Beta Hatch is coming to town with big ideas and tiny insects - the company uses technology to produce mealworms and its waste into animal feed. Its agriculture based area of expertise will fit perfectly in Cashmere's agricultural heavy industry, according to Emery.
"Beta Hatch is connecting key resources for the agriculture community by creating products for animal feed and crop fertilizer with new technology. We're eager to see the future growth of their production facility," said Gina Imperato, Cashmere Chamber of Commerce manager.
In order to meet growing demand for meat production, Beta Hatch industrializes insect production to provide livestock feed with the goal of being a more sustainable and predictable feed.
"The whole area is built on production of food and we really like that because that's the core business of what we do. We're excited to be in a community where we have that in common with our neighbors," said Emery.
"I have family over here so my business and I have been coming to the Wenatchee area for almost a decade to visit and explore, and we just really love this place," said Emery. "We see the area as a lot more affordable to have a manufacturing business versus being in Seattle right now. We really are excited because of the combination of economically making sense and also being in a farming community."
According to Emery, the company is expecting to hire between 10 to 20 people in the immediate forecast. Following its first year in Cashmere, Emery estimates dozens of more jobs will be available.

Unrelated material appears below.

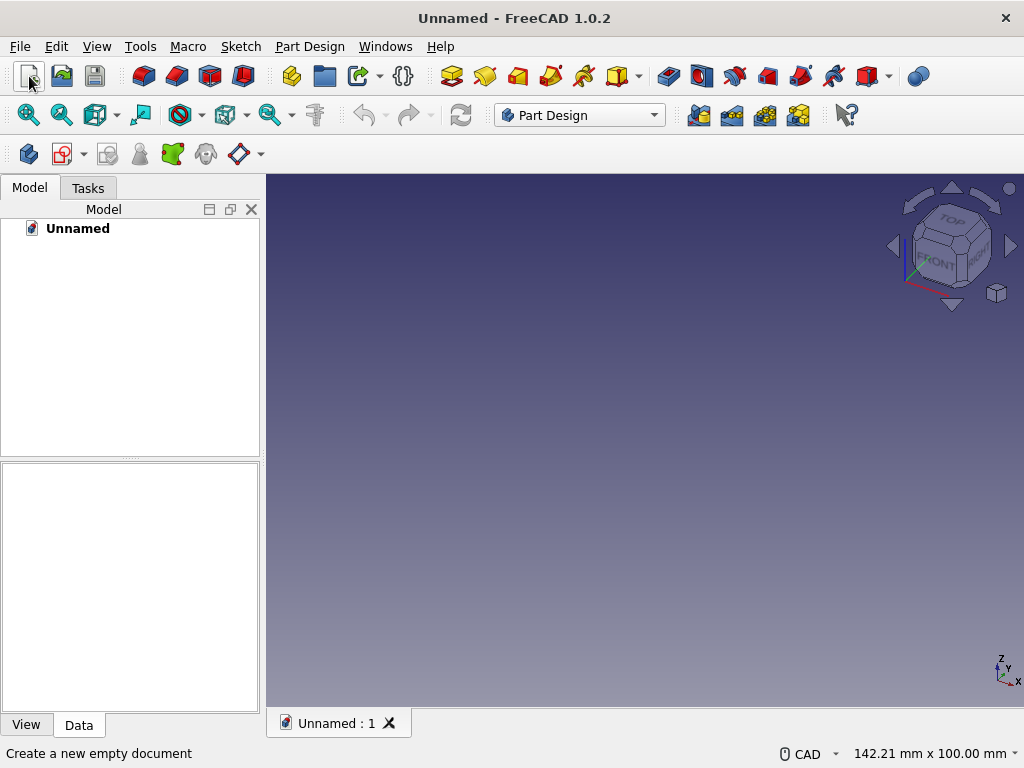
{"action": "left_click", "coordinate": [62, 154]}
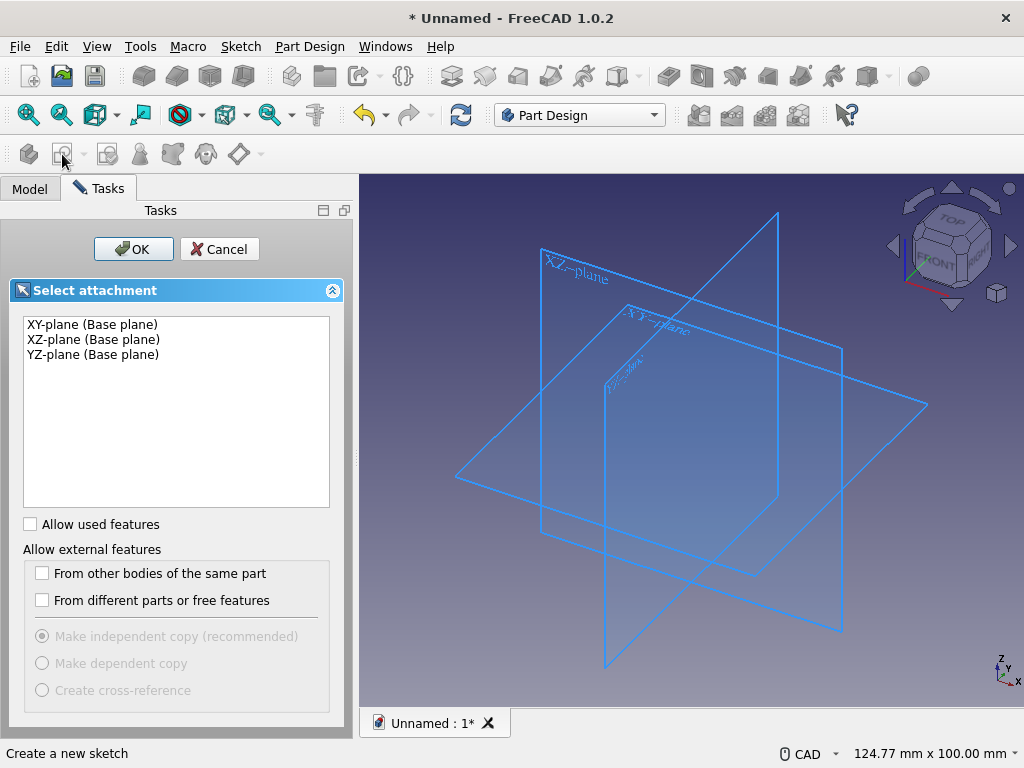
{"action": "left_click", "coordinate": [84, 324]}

"By 2050, we will need to double global meat production to keep up with growing demand. The current means of producing livestock feed are inefficient and costly," stated the company via its website.
Beta Hatch also lists these facts:
• 30% of crop production goes to feed livestock.
• Up to 60% of feed and food is wasted
• makes up 50% of the cost of our meat."
"As our community grows, the value of "a better quality of life" continues. So frequently visitors stop in looking to relocate and request visitor or real estate information. Securing diverse economic development and growth in Cashmere promotes a vibrant and visible community," said Imperato.